La gouvernance et le pilotage de l'Ondam doivent être intégralement revus. Il est exact que les soins de ville et les soins hospitaliers sont beaucoup trop interdépendants pour être financés de façon aussi cloisonnée. Nous ne pourrons pas nous satisfaire en septembre prochain d'un simple « Plan Hôpital », là où un plan général de la santé est nécessaire. J'ai également bien pris en compte les avertissements que vous avez émis sur la nature relative des excédents à venir, en regard des dépenses non anticipées et non couvertes. Notre collègue a évoqué à ce titre les dépenses de médicalisation des Ehpad, qui sont pour l'heure fort modestes, mais dont l'augmentation annoncée n'est pas chiffrée.

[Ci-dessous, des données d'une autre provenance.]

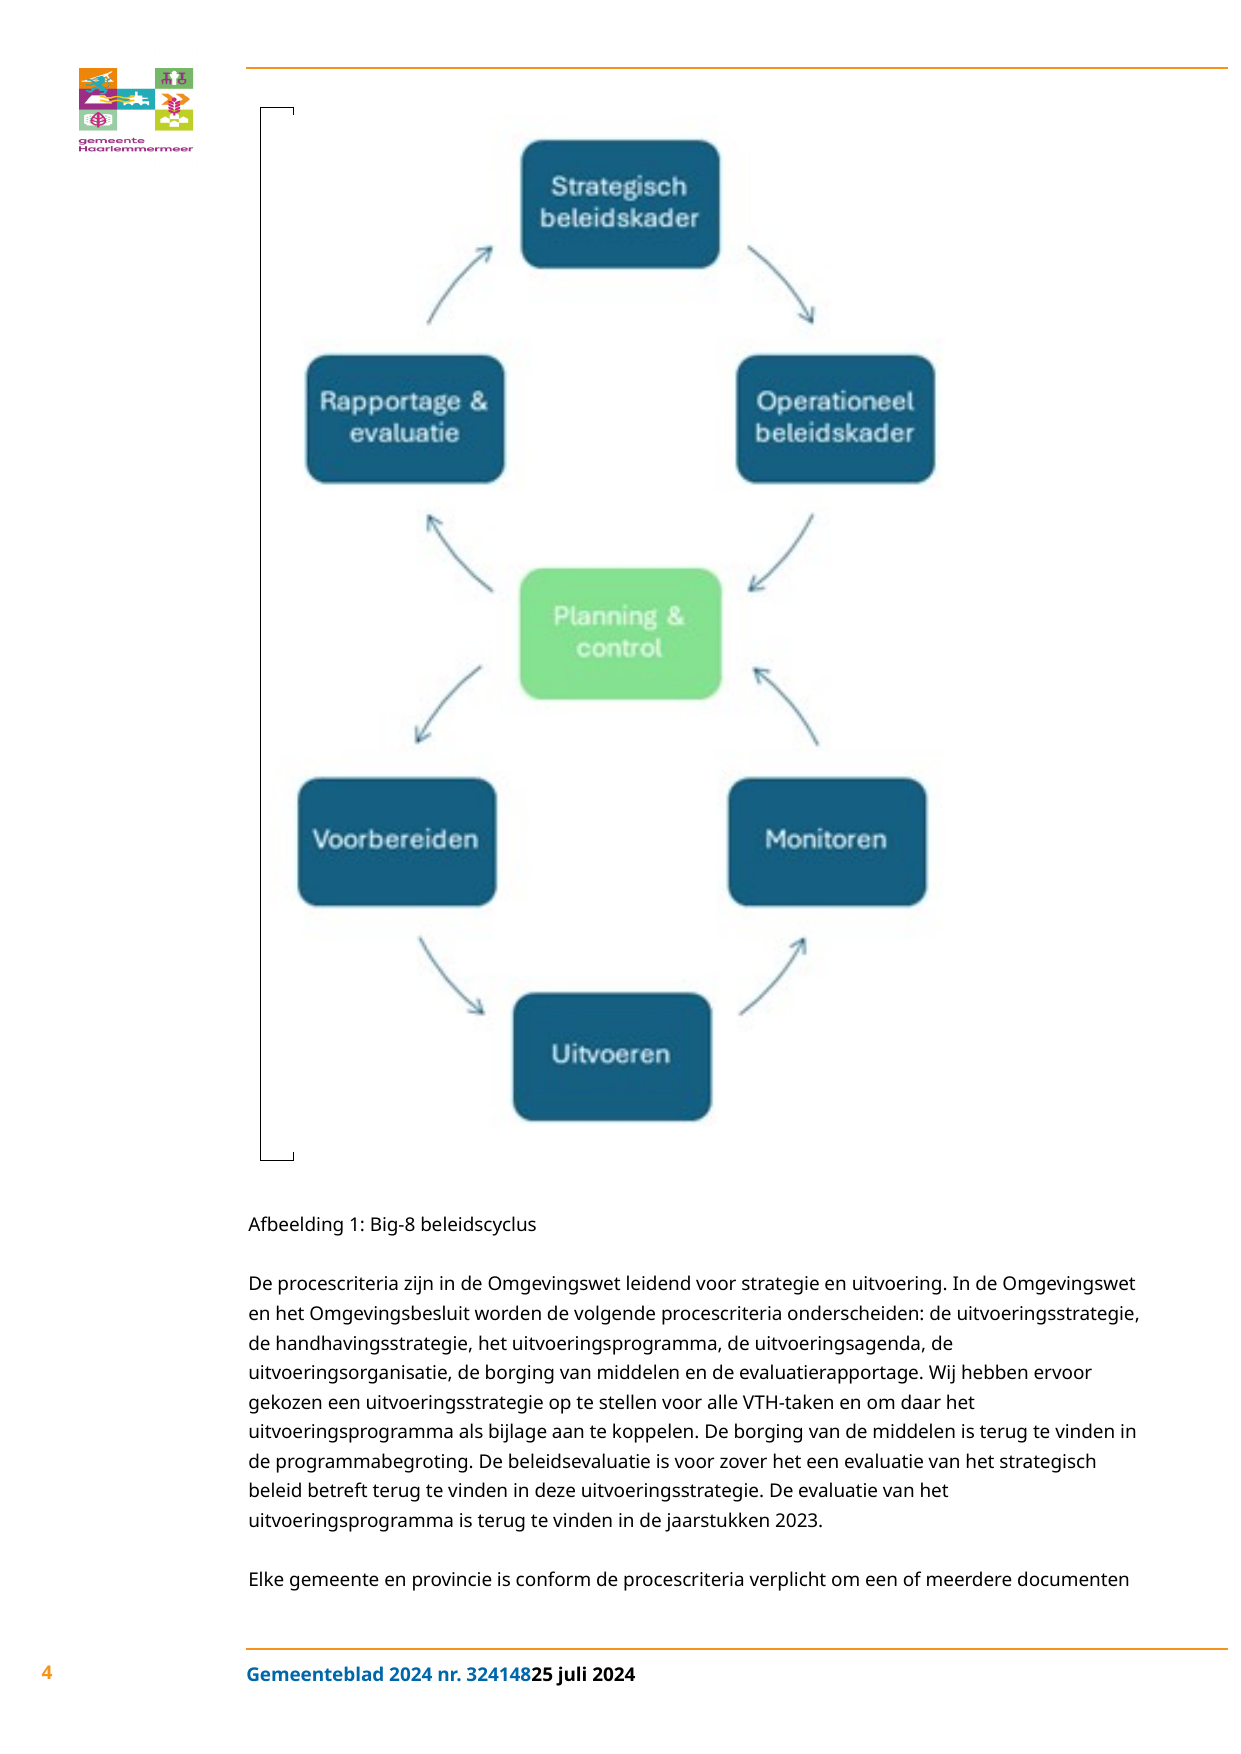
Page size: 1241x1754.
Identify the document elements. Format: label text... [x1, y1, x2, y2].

text Afbeelding 1: Big-8 beleidscyclus [248, 1211, 1152, 1237]
picture [268, 115, 978, 1152]
text Elke gemeente en provincie is conform de procescriteria verplicht om een of meerdere documenten [248, 1566, 1152, 1592]
picture [41, 47, 231, 172]
text De procescriteria zijn in de Omgevingswet leidend voor strategie en uitvoering. In de Omgevingswet en het Omgevingsbesluit worden de volgende procescriteria onderscheiden: de uitvoeringsstrategie, de handhavingsstrategie, het uitvoeringsprogramma, de uitvoeringsagenda, de uitvoeringsorganisatie, de borging van middelen en de evaluatierapportage. Wij hebben ervoor gekozen een uitvoeringsstrategie op te stellen voor alle VTH-taken en om daar het uitvoeringsprogramma als bijlage aan te koppelen. De borging van de middelen is terug te vinden in de programmabegroting. De beleidsevaluatie is voor zover het een evaluatie van het strategisch beleid betreft terug te vinden in deze uitvoeringsstrategie. De evaluatie van het uitvoeringsprogramma is terug te vinden in de jaarstukken 2023. [248, 1271, 1152, 1533]
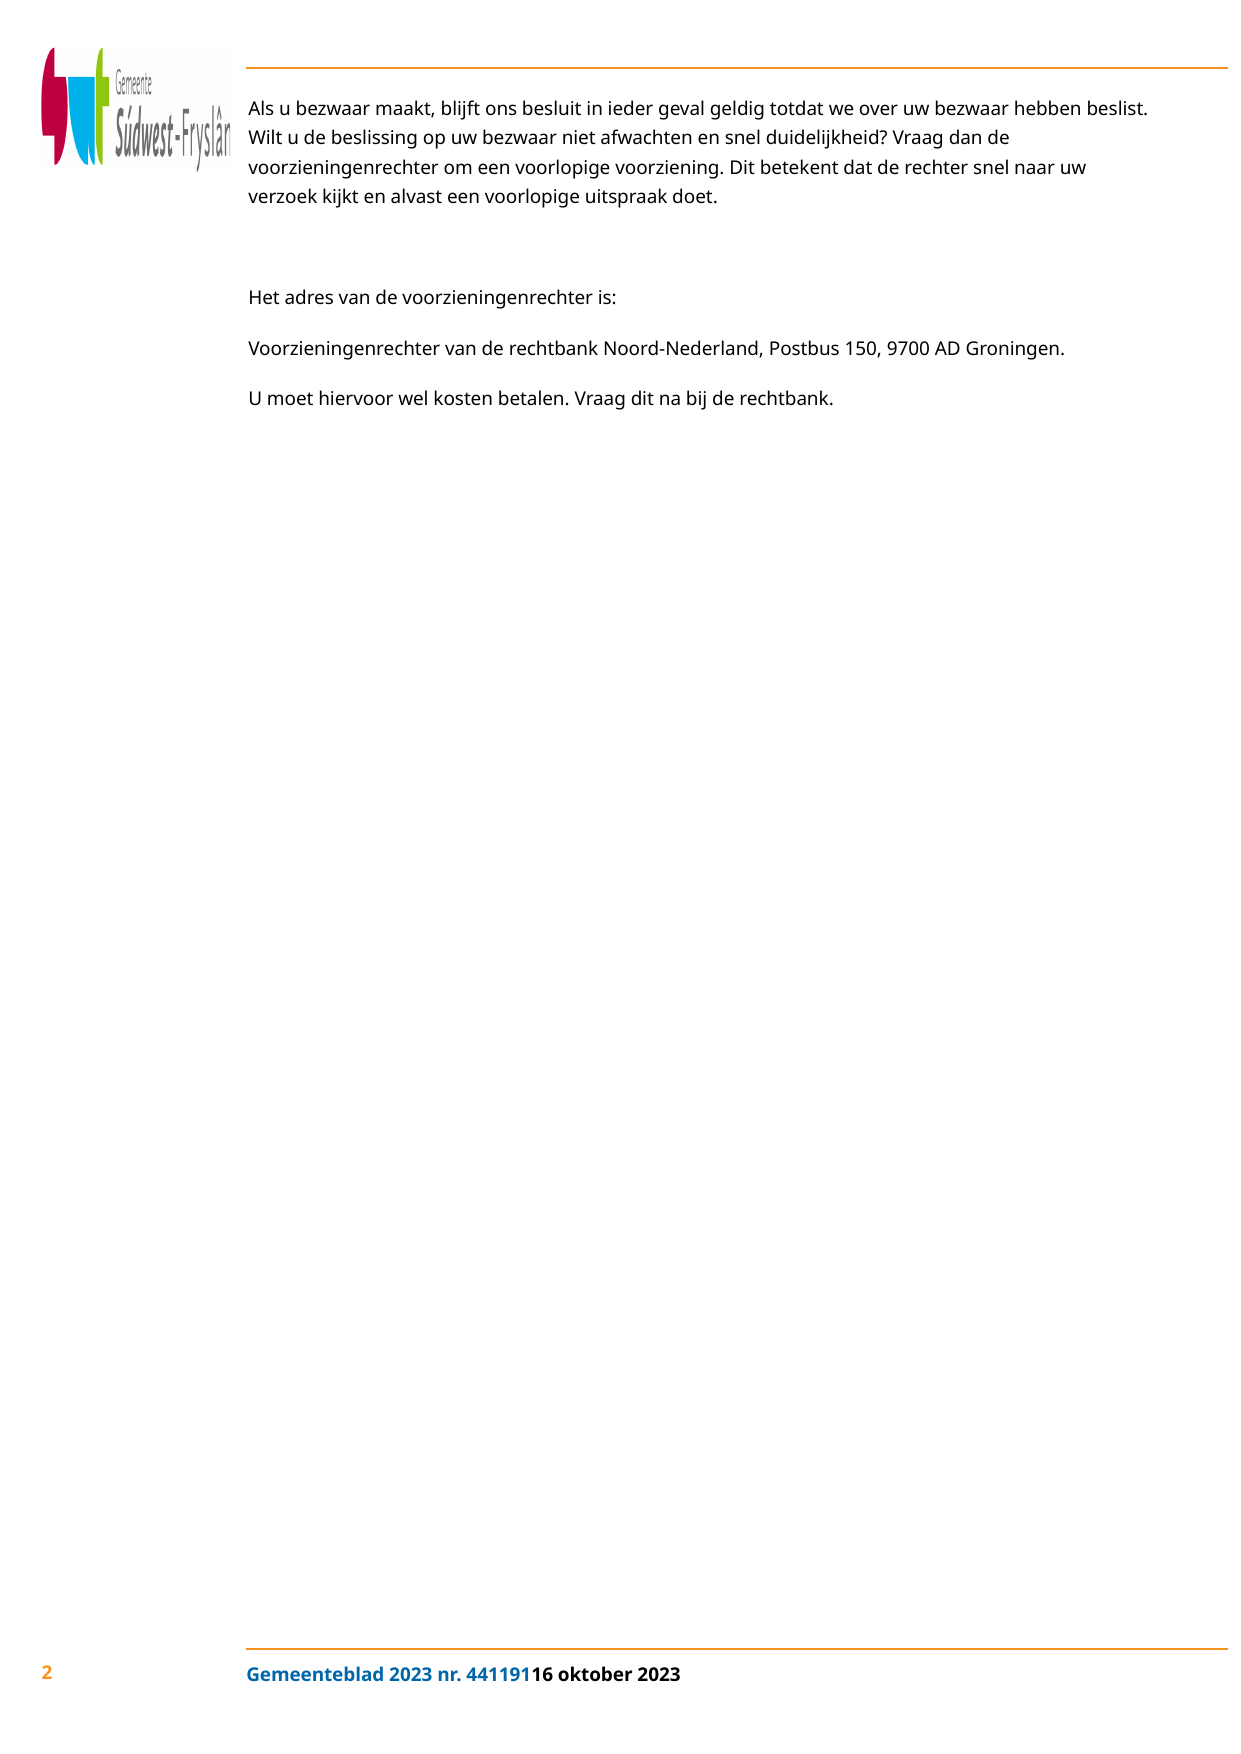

Je tempérerais toutefois l'alarmisme de certaines interventions en mentionnant la dimension de prévention, censée endiguer les dépenses de soins, dont ce Gouvernement a fait une composante importante des mesures de santé, et qu'on peine à faire apparaître d'un strict point de vue comptable. Elle ne doit pas pour autant être négligée.

Enfin, la remise, que nous espérons, du fameux rapport sur la rénovation des relations financières entre l'État et la sécurité sociale pourra servir de base à la grande réforme structurelle de la protection sociale que plusieurs d'entre vous avez évoquée.

La commission autorise la publication du rapport d'information.